The Federal Communications Commission's assertion of authority over marketing cooperation agreements between Verizon Wireless and four of the nation's largest cable operators has drawn the ire of Republicans and free-market-oriented groups, who say the agency has once again exceeded its powers during a transaction review.
When the FCC blessed the arrangements as part of its approval of Verizon's $3.9 billion purchase of unused airwaves from the companies, the Department of Justice had already forced concessions from Verizon to ensure that the company's FiOS TV and internet services effectively competed with the cable companies' offerings in the future. And while the FCC did not impose any additional conditions, some believe the agency has set a precedent for broad interpretation of its statutory authority.
In a joint statement, TechFreedom and the International Center for Law and Economics said the FCC's decision to devote 15 pages to the agreements in its final order represents an “unchecked power to stop transactions.”
“There's a common misperception that the FCC somehow gets to review all deals in the communications industry,” said Berin Szoka, president of TechFreedom, in an interview with BNA Aug. 27. “All the Communications Act gives the agency to do is review and approve proposed transfers of licenses.”
He cited section 310(d) of the act, which holds that no “station license” may be transferred to another company without a finding by the FCC that the “public interest, convenience, and necessity will be served.”
To obtain the FCC's final approval here, Verizon had filed the requisite applications seeking permission to acquire--a transfer--spectrum licenses from Comcast Corp., Time Warner Cable, Bright House Networks, and Cox Communications. Though resistant at first, the companies had then filed electronic copies of their agreements to jointly market and sell each others' services, noting that the spectrum transfer would not go forward if the DOJ--or FCC--did not sign off on them.
Ultimately, the FCC focused its public-interest review on Verizon's spectrum purchase, while the DOJ focused its antitrust review on the companies' cooperation agreement.

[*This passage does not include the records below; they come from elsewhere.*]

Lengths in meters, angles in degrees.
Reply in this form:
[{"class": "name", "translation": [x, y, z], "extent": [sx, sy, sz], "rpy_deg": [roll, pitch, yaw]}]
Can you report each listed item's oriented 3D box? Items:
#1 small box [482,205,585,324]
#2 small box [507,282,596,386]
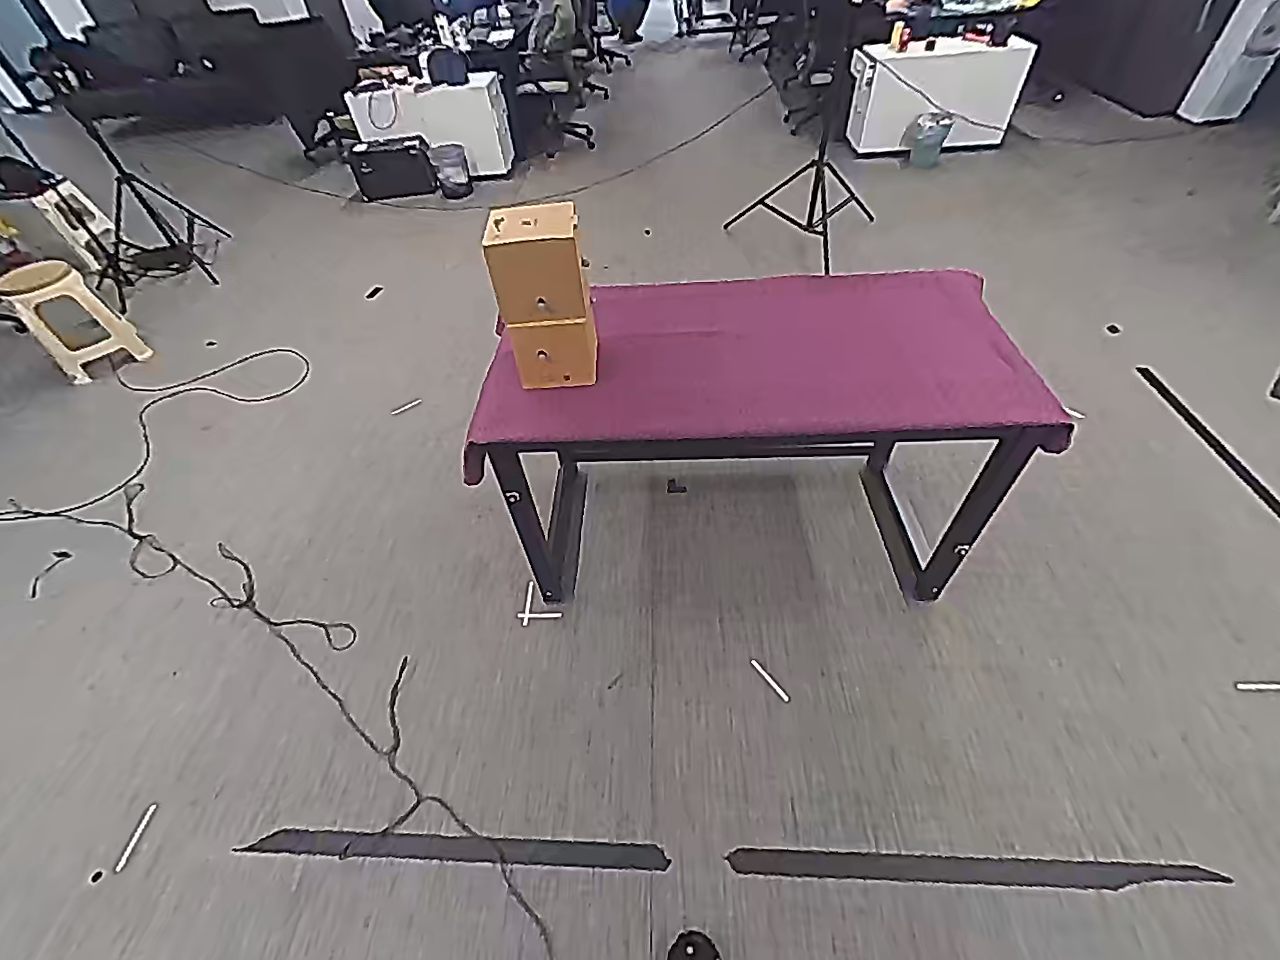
[{"class": "small box", "translation": [-0.207, -0.440, 1.110], "extent": [0.179, 0.176, 0.168], "rpy_deg": [-5, 47, -1]}, {"class": "small box", "translation": [-0.191, -0.325, 1.226], "extent": [0.168, 0.176, 0.179], "rpy_deg": [-4, 47, 1]}]
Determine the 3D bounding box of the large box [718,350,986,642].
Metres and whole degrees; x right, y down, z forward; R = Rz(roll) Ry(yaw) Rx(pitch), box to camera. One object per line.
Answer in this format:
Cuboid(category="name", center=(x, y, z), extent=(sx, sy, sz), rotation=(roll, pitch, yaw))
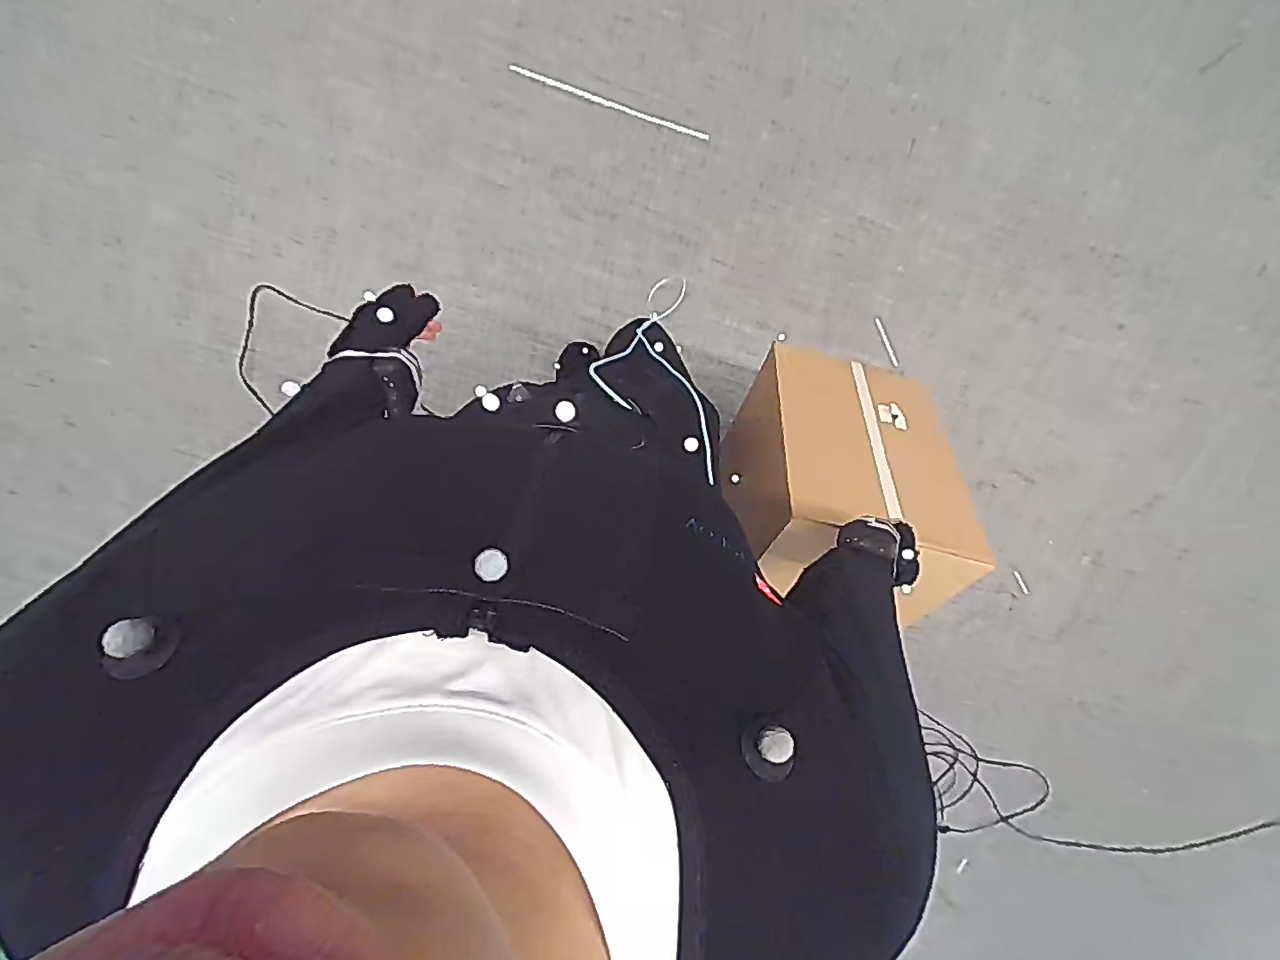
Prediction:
Cuboid(category="large box", center=(0.337, 0.034, 0.998), extent=(0.320, 0.408, 0.320), rotation=(14, 139, -7))
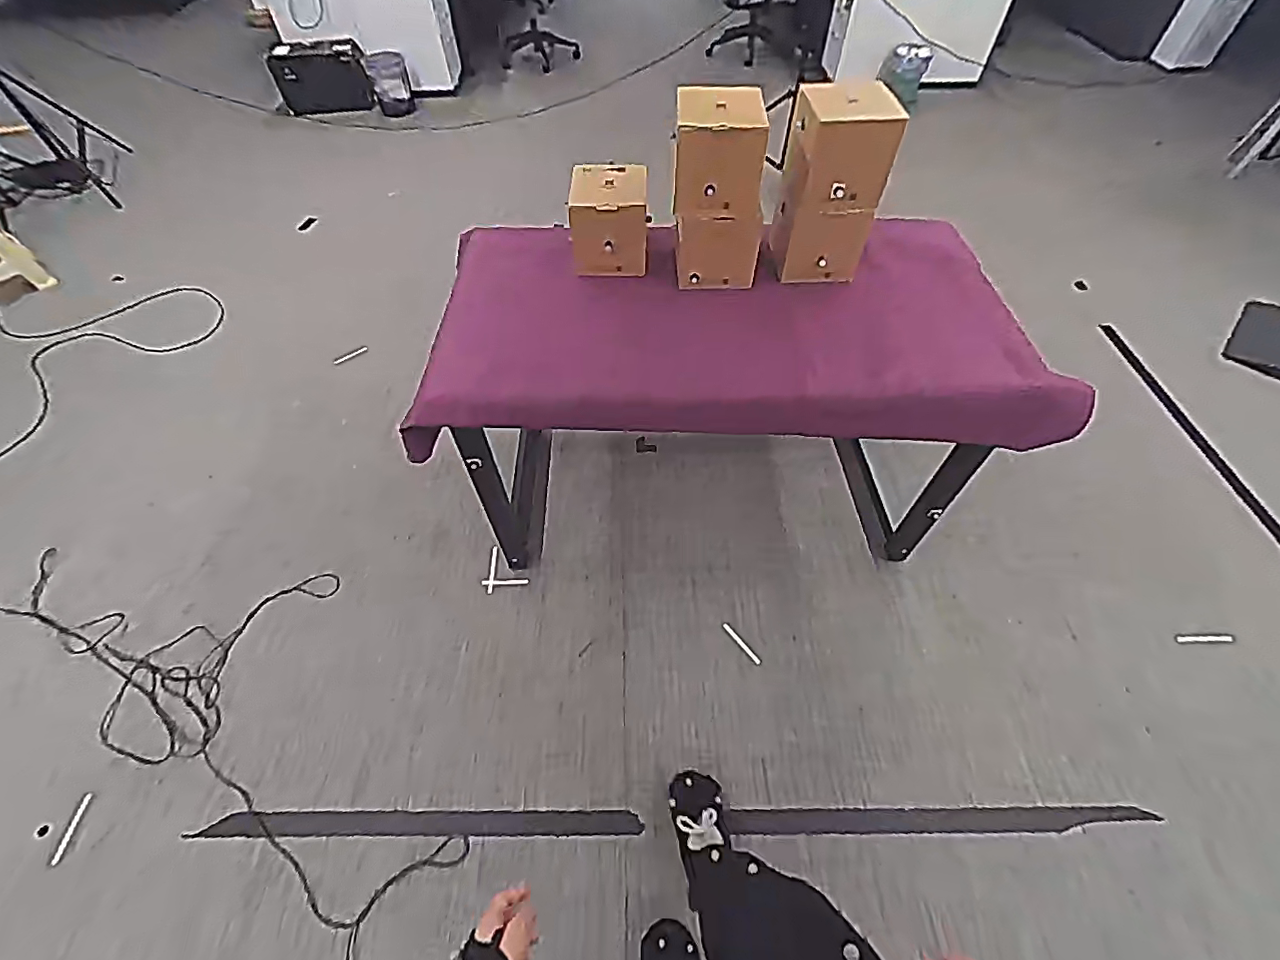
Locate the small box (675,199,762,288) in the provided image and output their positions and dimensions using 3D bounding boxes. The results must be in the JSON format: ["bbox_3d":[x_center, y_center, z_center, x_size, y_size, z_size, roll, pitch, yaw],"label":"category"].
[{"bbox_3d":[0.167,-0.546,1.204,0.168,0.176,0.179,-1,54,-1],"label":"small box"}]

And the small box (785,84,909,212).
[{"bbox_3d":[0.402,-0.665,1.088,0.168,0.176,0.179,-3,55,-1],"label":"small box"}]

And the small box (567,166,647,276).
[{"bbox_3d":[-0.068,-0.586,1.232,0.168,0.176,0.179,1,56,1],"label":"small box"}]

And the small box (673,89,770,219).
[{"bbox_3d":[0.152,-0.645,1.075,0.168,0.176,0.179,1,55,1],"label":"small box"}]

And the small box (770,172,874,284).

The commission made it clear in its final order, however, that it has the “authority to review the Commercial Agreements and to impose conditions to protect the public interest.”
Had Verizon and the cable companies entered into the agreements without a proposed license transfer, Szoka says the FCC would have no regulatory role.
“The FCC would not get involved at all,” he said. “That hardly could be more clear, based on the act.”
Commissioner Robert McDowell, the senior Republican member, said review of the marketing cooperation agreement should have fallen exclusively to the Department of Justice. “A simple reference to, rather than an exhaustive discussion of, the DOJ's conclusions would be more appropriate in the commission's order,” McDowell said in his statement following the agency's vote to approve the deals.
Commissioner Aji Pai, the other GOP member, said the commission's authority does not “automatically expand to encompass” other provisions or aspects of a proposed license transfer--whether it be a land sale, a conveyance of patents, or a commercial marketing agreement.
“Congress limited the scope of our review to the proposed transfer of spectrum licenses, not to other business agreements that may involve the same parties,” Pai said. “And in any case, the assertion is unnecessary.”
Both commissioners concurred on the question of the FCC's authority to review the side agreements.
Their fear is that the FCC's overly broad interpretation of its transaction review authority could lead companies to volunteer commitments that it would not have the power to require under the act's provisions.
For instance, a day before the FCC approved the Comcast-NBC Universal merger, Comcast had voluntarily committed to a “network neutrality” condition. At that point, the FCC's net neutrality rules had not taken effect, and Comcast's commitment only applied to Comcast--not the industry as a whole.
“While the FCC didn't ask for any additional commitments in this case, beyond what the DOJ asked for, they've laid down the marker, and they can in the future,” Geoffrey Manne, the executive director of the International Center for Law and Economics and lecturer at the Lewis and Clark Law School, told BNA Aug. 27. “Now they could potentially demand concessions or even stop the transaction on the basis of an ancillary commercial agreement. They are asserting that they have more control over the economic value of the deal.”
Ever since Verizon and the cable companies announced the cooperation agreements, Democratic lawmakers and public interest groups have raised concern about their possible effects on competition.
As part of those deals, Comcast, Time Warner, Cox, and Bright House cable services would all be sold through Verizon Wireless stores in those companies' service territories, while the cable providers will cross-promote Verizon Wireless services through their call centers and websites. Cable carriers will also have the option of selling Verizon Wireless service under their own corporate names, creating a “quadruple play” of wireless, cable TV, landline phone, and home internet services.
The FCC, noting these concerns, said it must “balance the potential for innovation against the potential for exclusive or anticompetitive conduct.”
Said Gigi Sohn, president and CEO of Public Knowledge: the FCC “rightly asserted jurisdiction” over the agreements, but should have protected competition by blocking them altogether.